◆ THE TASK ◆
Please repeat the line that has "Answer: [Recipient's Name]" and all lines after it, exactly as they appear, through the end of the entries.

--- RECORDED DATA Enclosed Below ---

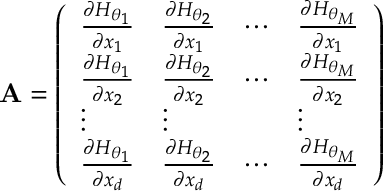Convert formula to latex. <formula><loc_0><loc_0><loc_500><loc_500>A = \left ( \begin{array} { l l l l } { \frac { \partial H _ { \boldsymbol \theta _ { 1 } } } { \partial x _ { 1 } } } & { \frac { \partial H _ { \boldsymbol \theta _ { 2 } } } { \partial x _ { 1 } } } & { \cdots } & { \frac { \partial H _ { \boldsymbol \theta _ { M } } } { \partial x _ { 1 } } } \\ { \frac { \partial H _ { \boldsymbol \theta _ { 1 } } } { \partial x _ { 2 } } } & { \frac { \partial H _ { \boldsymbol \theta _ { 2 } } } { \partial x _ { 2 } } } & { \cdots } & { \frac { \partial H _ { \boldsymbol \theta _ { M } } } { \partial x _ { 2 } } } \\ { \vdots } & { \vdots } & & { \vdots } \\ { \frac { \partial H _ { \boldsymbol \theta _ { 1 } } } { \partial x _ { d } } } & { \frac { \partial H _ { \boldsymbol \theta _ { 2 } } } { \partial x _ { d } } } & { \cdots } & { \frac { \partial H _ { \boldsymbol \theta _ { M } } } { \partial x _ { d } } } \end{array} \right )</formula> 
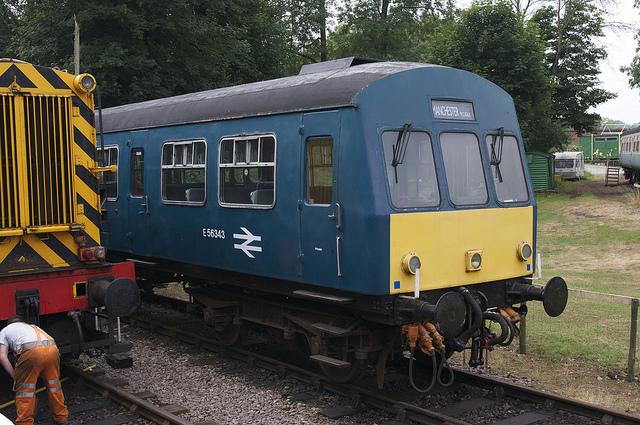Are there trains?
Give a very brief answer. Yes. What is the man doing?
Give a very brief answer. Fixing train. Is the train on the right red?
Concise answer only. No. Why are the people on the edge of the train?
Give a very brief answer. Working. What types of trains are these?
Quick response, please. Passenger. Are the trains attached to each other?
Answer briefly. No. 
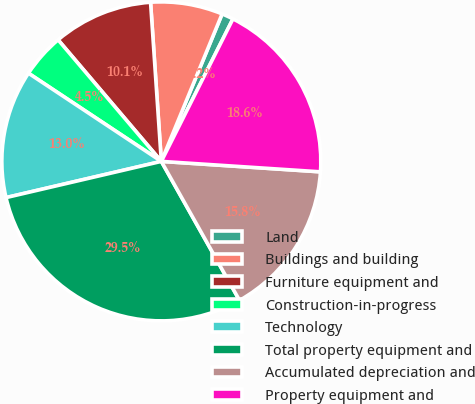Convert chart. <chart><loc_0><loc_0><loc_500><loc_500><pie_chart><fcel>Land<fcel>Buildings and building<fcel>Furniture equipment and<fcel>Construction-in-progress<fcel>Technology<fcel>Total property equipment and<fcel>Accumulated depreciation and<fcel>Property equipment and<nl><fcel>1.19%<fcel>7.3%<fcel>10.13%<fcel>4.47%<fcel>12.97%<fcel>29.51%<fcel>15.8%<fcel>18.63%<nl></chart> 
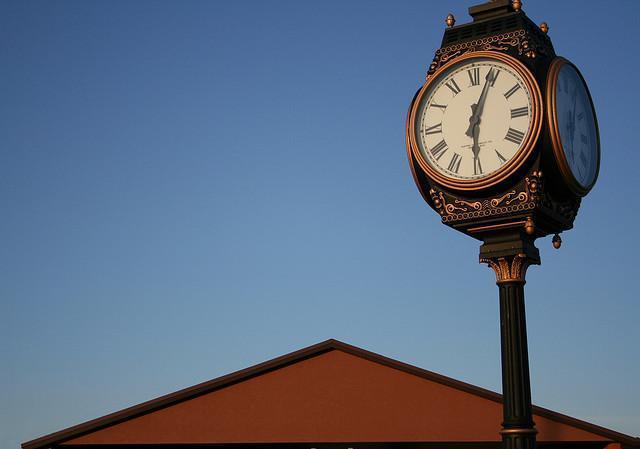How many clocks are there?
Give a very brief answer. 2. 
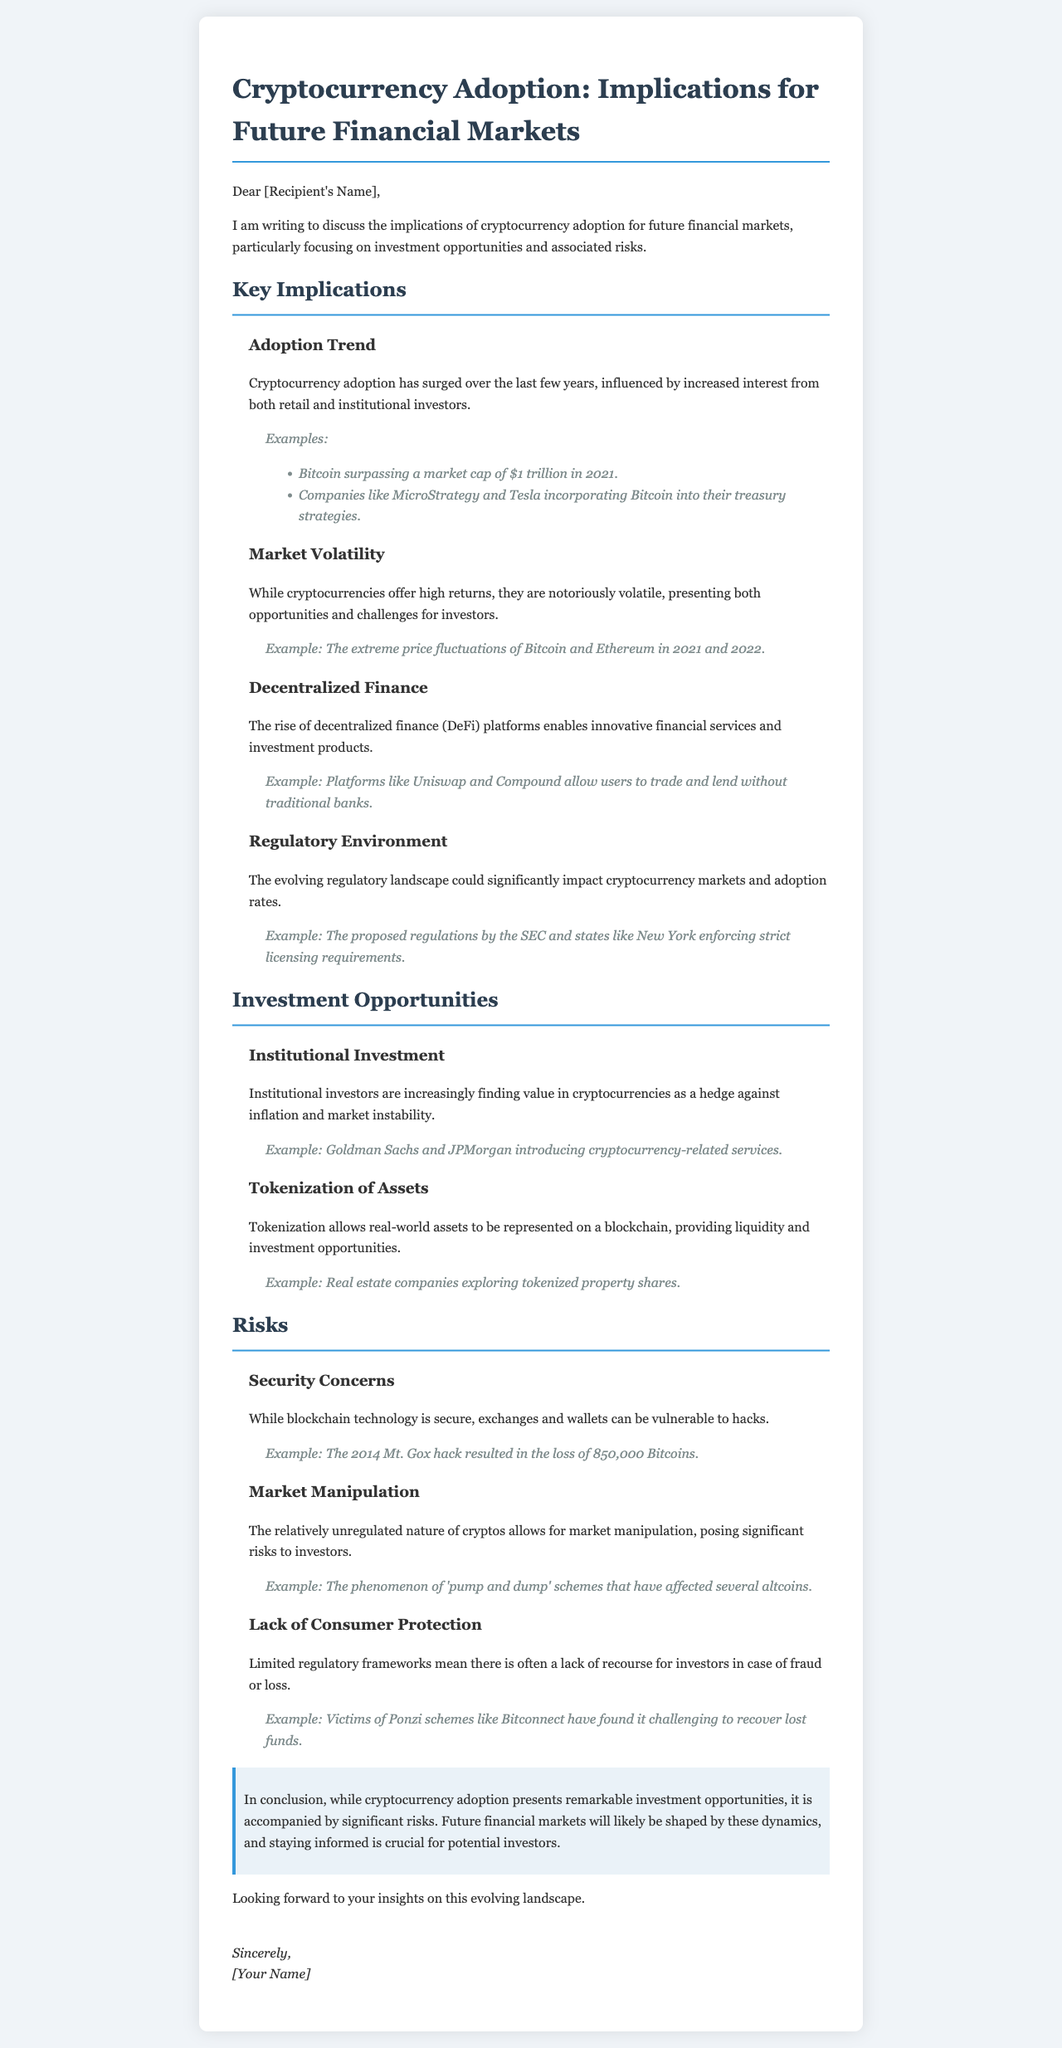What is the main topic of the letter? The main topic of the letter is the implications of cryptocurrency adoption for future financial markets.
Answer: Cryptocurrency Adoption Who surpassed a market cap of $1 trillion in 2021? The document mentions Bitcoin as the cryptocurrency that surpassed a market cap of $1 trillion in 2021.
Answer: Bitcoin Name one decentralized finance platform mentioned. The letter provides examples of decentralized finance platforms, specifically mentioning Uniswap and Compound.
Answer: Uniswap What major concern is associated with cryptocurrency exchanges? The letter highlights security concerns as a significant issue, noting that exchanges and wallets can be vulnerable to hacks.
Answer: Security Concerns Which major banks introduced cryptocurrency-related services? The letter indicates that Goldman Sachs and JPMorgan are examples of banks that introduced cryptocurrency-related services.
Answer: Goldman Sachs and JPMorgan What phenomenon poses risks to investors due to market manipulation? The letter refers to 'pump and dump' schemes as a risk associated with the relatively unregulated nature of cryptocurrencies.
Answer: Pump and dump Who is the letter addressed to? The letter is addressed to [Recipient's Name], indicating a personal note to someone specific.
Answer: [Recipient's Name] What example of tokenization is given in the letter? The letter mentions real estate companies exploring tokenized property shares as an example of tokenization of assets.
Answer: Tokenized property shares What trend has influenced cryptocurrency adoption? The letter states that increased interest from both retail and institutional investors has influenced the trend of cryptocurrency adoption.
Answer: Increased interest What important factor could impact cryptocurrency markets according to the document? The document mentions the evolving regulatory landscape as an important factor that could significantly impact cryptocurrency markets.
Answer: Regulatory Environment

--- End of Enclosed RECORDED DATA ---

◆ TASK ANSWER ◆
Answer: [Recipient's Name] What example of tokenization is given in the letter? The letter mentions real estate companies exploring tokenized property shares as an example of tokenization of assets.
Answer: Tokenized property shares What trend has influenced cryptocurrency adoption? The letter states that increased interest from both retail and institutional investors has influenced the trend of cryptocurrency adoption.
Answer: Increased interest What important factor could impact cryptocurrency markets according to the document? The document mentions the evolving regulatory landscape as an important factor that could significantly impact cryptocurrency markets.
Answer: Regulatory Environment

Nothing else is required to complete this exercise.